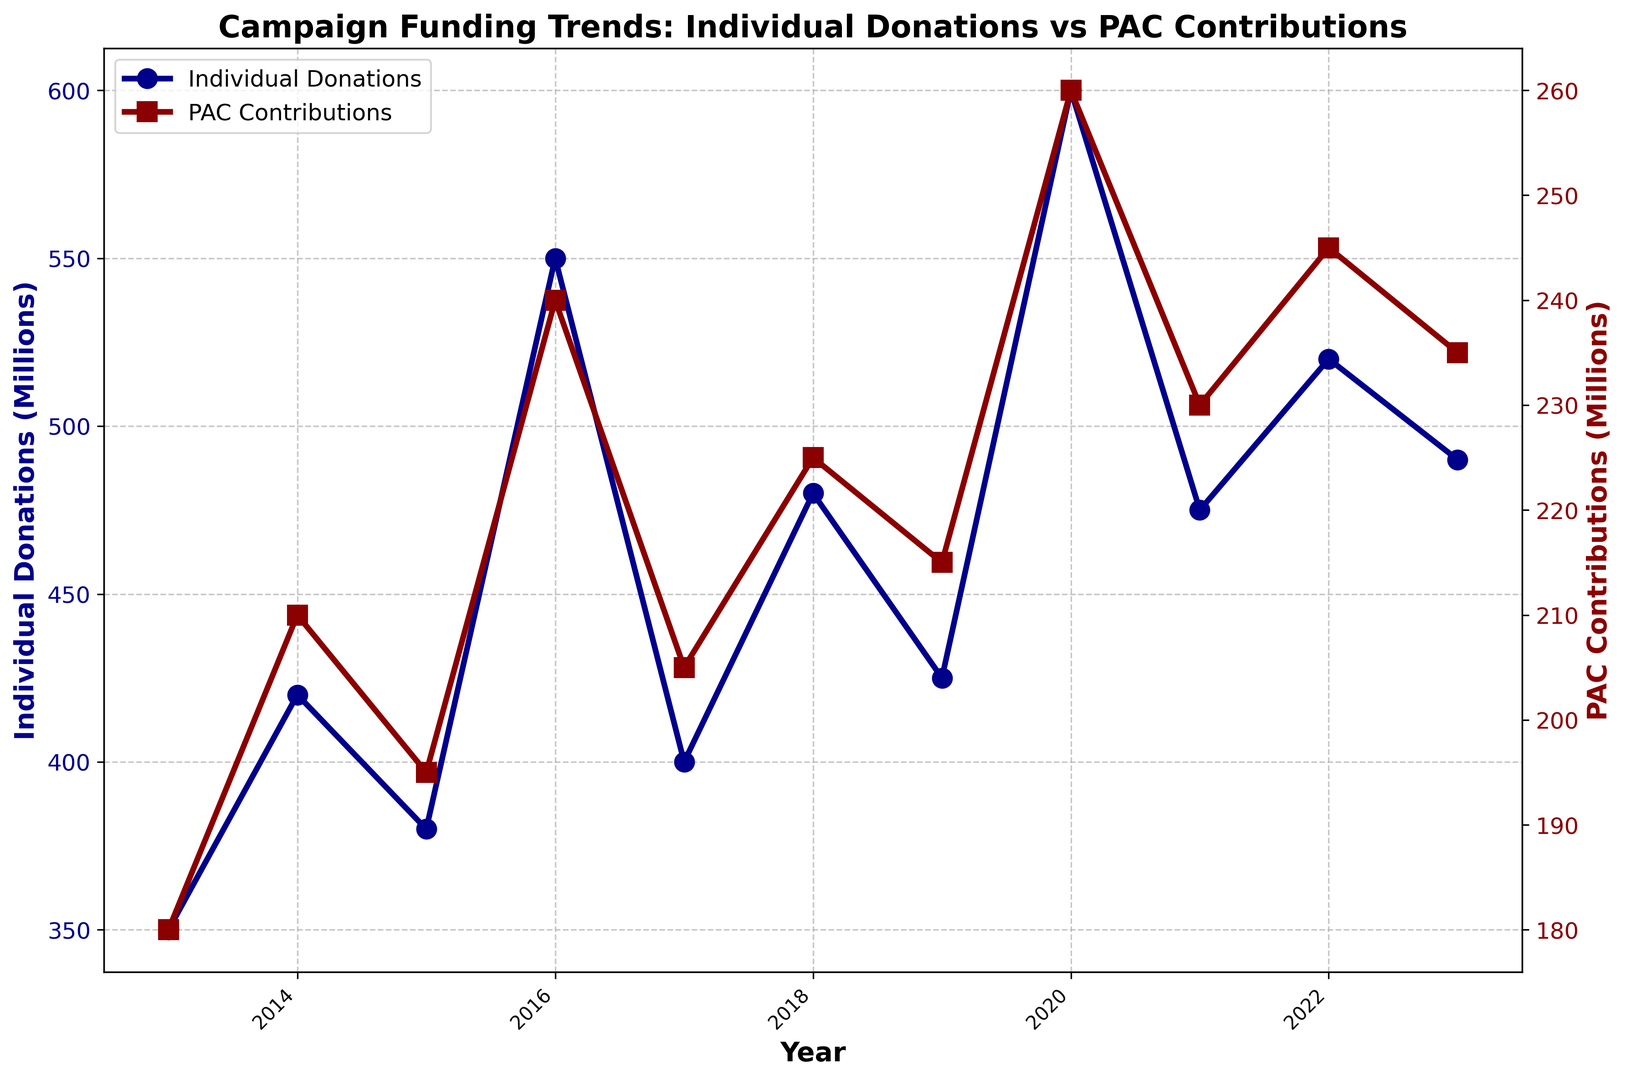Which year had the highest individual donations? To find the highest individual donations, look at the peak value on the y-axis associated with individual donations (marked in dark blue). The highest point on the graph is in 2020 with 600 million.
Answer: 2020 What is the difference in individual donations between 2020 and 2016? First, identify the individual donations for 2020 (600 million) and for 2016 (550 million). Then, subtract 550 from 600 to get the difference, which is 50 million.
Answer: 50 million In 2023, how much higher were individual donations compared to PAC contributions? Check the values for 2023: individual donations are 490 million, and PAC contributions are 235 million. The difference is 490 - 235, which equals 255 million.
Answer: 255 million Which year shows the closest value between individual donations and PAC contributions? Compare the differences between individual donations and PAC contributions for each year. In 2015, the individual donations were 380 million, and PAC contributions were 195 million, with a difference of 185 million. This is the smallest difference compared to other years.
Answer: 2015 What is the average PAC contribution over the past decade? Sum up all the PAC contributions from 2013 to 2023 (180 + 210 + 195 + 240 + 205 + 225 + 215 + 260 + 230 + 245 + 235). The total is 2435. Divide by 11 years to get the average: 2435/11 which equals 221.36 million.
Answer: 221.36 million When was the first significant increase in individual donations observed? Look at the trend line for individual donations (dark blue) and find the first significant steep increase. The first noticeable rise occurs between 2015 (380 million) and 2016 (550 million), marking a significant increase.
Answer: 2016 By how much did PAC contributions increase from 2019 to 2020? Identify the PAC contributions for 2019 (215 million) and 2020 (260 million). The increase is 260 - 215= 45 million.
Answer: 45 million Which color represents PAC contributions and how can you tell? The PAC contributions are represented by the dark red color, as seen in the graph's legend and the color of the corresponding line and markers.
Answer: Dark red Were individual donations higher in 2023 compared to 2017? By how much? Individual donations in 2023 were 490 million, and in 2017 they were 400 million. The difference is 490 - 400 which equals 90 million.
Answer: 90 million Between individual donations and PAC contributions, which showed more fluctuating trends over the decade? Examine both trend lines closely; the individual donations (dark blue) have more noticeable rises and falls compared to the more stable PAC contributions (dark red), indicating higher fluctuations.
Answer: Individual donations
* * * * *
◆ **Task item**
Pictures stay out; the data above is to be returned exactly.

◆ **Task result**
Which year had the highest individual donations? To find the highest individual donations, look at the peak value on the y-axis associated with individual donations (marked in dark blue). The highest point on the graph is in 2020 with 600 million.
Answer: 2020 What is the difference in individual donations between 2020 and 2016? First, identify the individual donations for 2020 (600 million) and for 2016 (550 million). Then, subtract 550 from 600 to get the difference, which is 50 million.
Answer: 50 million In 2023, how much higher were individual donations compared to PAC contributions? Check the values for 2023: individual donations are 490 million, and PAC contributions are 235 million. The difference is 490 - 235, which equals 255 million.
Answer: 255 million Which year shows the closest value between individual donations and PAC contributions? Compare the differences between individual donations and PAC contributions for each year. In 2015, the individual donations were 380 million, and PAC contributions were 195 million, with a difference of 185 million. This is the smallest difference compared to other years.
Answer: 2015 What is the average PAC contribution over the past decade? Sum up all the PAC contributions from 2013 to 2023 (180 + 210 + 195 + 240 + 205 + 225 + 215 + 260 + 230 + 245 + 235). The total is 2435. Divide by 11 years to get the average: 2435/11 which equals 221.36 million.
Answer: 221.36 million When was the first significant increase in individual donations observed? Look at the trend line for individual donations (dark blue) and find the first significant steep increase. The first noticeable rise occurs between 2015 (380 million) and 2016 (550 million), marking a significant increase.
Answer: 2016 By how much did PAC contributions increase from 2019 to 2020? Identify the PAC contributions for 2019 (215 million) and 2020 (260 million). The increase is 260 - 215= 45 million.
Answer: 45 million Which color represents PAC contributions and how can you tell? The PAC contributions are represented by the dark red color, as seen in the graph's legend and the color of the corresponding line and markers.
Answer: Dark red Were individual donations higher in 2023 compared to 2017? By how much? Individual donations in 2023 were 490 million, and in 2017 they were 400 million. The difference is 490 - 400 which equals 90 million.
Answer: 90 million Between individual donations and PAC contributions, which showed more fluctuating trends over the decade? Examine both trend lines closely; the individual donations (dark blue) have more noticeable rises and falls compared to the more stable PAC contributions (dark red), indicating higher fluctuations.
Answer: Individual donations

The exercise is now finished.